Las piedras se difuminaron a su alrededor, convertidas casi en borrosos velos; la Ciudadela perdía consistencia. La realidad vacilaba; notaba cómo ésta se desintegraba, cómo se desintegraba él mismo. Lo estaban echando del mundo palpable, lo arrojaban a otro sitio donde nada existía. Callandor ardía en sus manos como un sol, hasta el punto de hacerle temer que se fundiera. También tuvo la aprensión de derretirse él mismo a causa de las oleadas de Poder Único que afloraban a su través y convergían en el río que de algún modo logró canalizar para tapar la brecha que se había abierto a su alrededor y mantenerse a recaudo en el lado de la existencia. La Ciudadela recuperó solidez.
No tenía noción de qué era lo que realizaba. El Poder Único lo embargaba hasta el punto de no reconocerse a sí mismo, hasta el extremo de barrer casi su esencia y no dejar más que un vestigio de ella. Su frágil estabilidad se balanceaba. A ambos lados permanecía el insondable abismo, el peligro de quedar arrasado por el Poder que fluía de él a la espada. Sólo en la danza en el aguzado filo residía, aunque inestable, la seguridad. Callandor brillaba tanto que parecía que llevaba en su mano el sol. Vagamente, vacilante como la llama de una vela en medio de una tormenta, anidaba la certeza de que, empuñando Callandor, nada le era imposible. Podía hacer cualquier cosa.
Corrió por interminables pasadizos, bailando en el tajo, persiguiendo a aquel que quería matarlo, aquel a quien él debía dar muerte. Esa vez no podía haber otro final. ¡Esa vez uno de los dos debía morir! Era evidente que Ba’alzemon lo sabía. Huía sin detenerse, permaneciendo siempre fuera del alcance de su vista, y únicamente el sonido de sus pasos orientaba a Rand, pero aun en su apresuramiento volvía aquella Ciudadela de Tear que no era tal en contra de Rand, y éste reaccionaba con actos instintivos, tentando de forma intuitiva la suerte. Truncaba sus ataques y corría por aquel filo de navaja en perfecto equilibrio con el Poder, la herramienta y el arma que lo consumiría totalmente si perdía pie.

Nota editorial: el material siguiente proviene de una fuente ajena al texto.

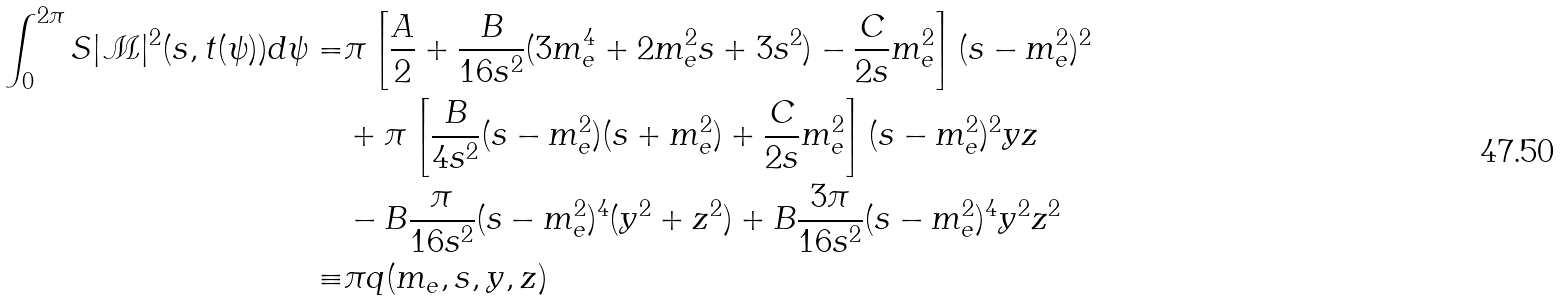Convert formula to latex. <formula><loc_0><loc_0><loc_500><loc_500>\int _ { 0 } ^ { 2 \pi } S | \mathcal { M } | ^ { 2 } ( s , t ( \psi ) ) d \psi = & \pi \left [ \frac { A } { 2 } + \frac { B } { 1 6 s ^ { 2 } } ( 3 m _ { e } ^ { 4 } + 2 m _ { e } ^ { 2 } s + 3 s ^ { 2 } ) - \frac { C } { 2 s } m _ { e } ^ { 2 } \right ] ( s - m _ { e } ^ { 2 } ) ^ { 2 } \\ & + \pi \left [ \frac { B } { 4 s ^ { 2 } } ( s - m _ { e } ^ { 2 } ) ( s + m _ { e } ^ { 2 } ) + \frac { C } { 2 s } m _ { e } ^ { 2 } \right ] ( s - m _ { e } ^ { 2 } ) ^ { 2 } y z \\ & - B \frac { \pi } { 1 6 s ^ { 2 } } ( s - m _ { e } ^ { 2 } ) ^ { 4 } ( y ^ { 2 } + z ^ { 2 } ) + B \frac { 3 \pi } { 1 6 s ^ { 2 } } ( s - m _ { e } ^ { 2 } ) ^ { 4 } y ^ { 2 } z ^ { 2 } \\ \equiv & \pi q ( m _ { e } , s , y , z )</formula> 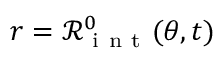<formula> <loc_0><loc_0><loc_500><loc_500>r = \mathcal { R } _ { i n t } ^ { 0 } ( \theta , t )</formula> 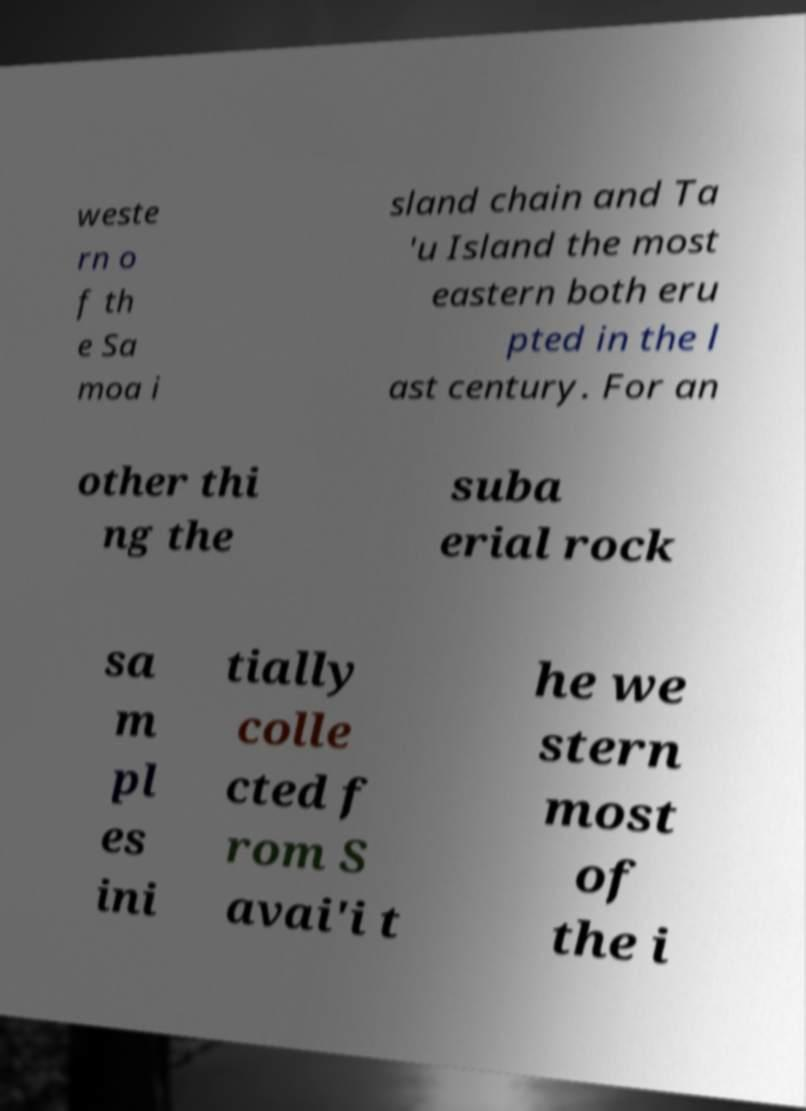For documentation purposes, I need the text within this image transcribed. Could you provide that? weste rn o f th e Sa moa i sland chain and Ta 'u Island the most eastern both eru pted in the l ast century. For an other thi ng the suba erial rock sa m pl es ini tially colle cted f rom S avai'i t he we stern most of the i

Un agua negra y turbia como la del fondo del mar inundó los pasillos, impidiéndole respirar. De modo inconsciente, la transformó de nuevo en aire y prosiguió su carrera, y de pronto éste se volvió tan pesado que parecía que cada centímetro de su cuerpo sostenía una montaña. Estrujado desde todos lados, en el instante previo a ser aplastado seleccionó ramales de la marea de Poder que manaba a su través —sin saber cómo, cuáles ni por qué, pues todo se sucedía con demasiada rapidez para dar cabida al pensamiento— y la presión cedió. Perseguía a Ba’alzemon, y el propio aire se transmutó de repente en sólida roca que lo aprisionaba, después en lava y luego en irrespirable atmósfera. Bajo sus pies el suelo lo absorbió como si cada gramo hubiera multiplicado por cien su peso y a continuación se volvió más liviano que una pluma y, al dar un paso, quedó girando sin nada que lo soportara. Unas invisibles fauces se abrieron para arrancarle la mente del cuerpo, para arrebatarle el alma. Una a una, desbarataba las celadas y seguía corriendo; sin saber cómo, devolvía a su originaria condición lo que Ba’alzemon trastocaba para destruirlo. Tenía la vaga conciencia de que de algún modo había restablecido el curso natural de las cosas, las había forzado a recuperarlo con su propia danza ejecutada en la increíble angostura que mediaba entre la existencia y la anulación, pero era una sensación distante. Toda su atención se centraba en el acoso, en la caza, en la muerte que debía ponerle fin.
Y de improviso se halló nuevamente en el Corazón de la Ciudadela, tras atravesar el boquete cercado de escombros que había sido una pared. Algunas de las columnas pendían como dientes rotos ahora. Y Ba’alzemon retrocedía frente a él, con los ojos ardientes, envuelto en sombras. De él partían unos hilos negros semejantes a alambres de acero que se perdían hasta inimaginables alturas y distancias surcando la oscuridad concentrada a su alrededor.
—¡Tú no serás mi perdición! —gritó Ba’alzemon, lanzando llamaradas por la boca. Su chillido resonó entre las columnas—. ¡Es imposible derrotarme! ¡Ayudadme!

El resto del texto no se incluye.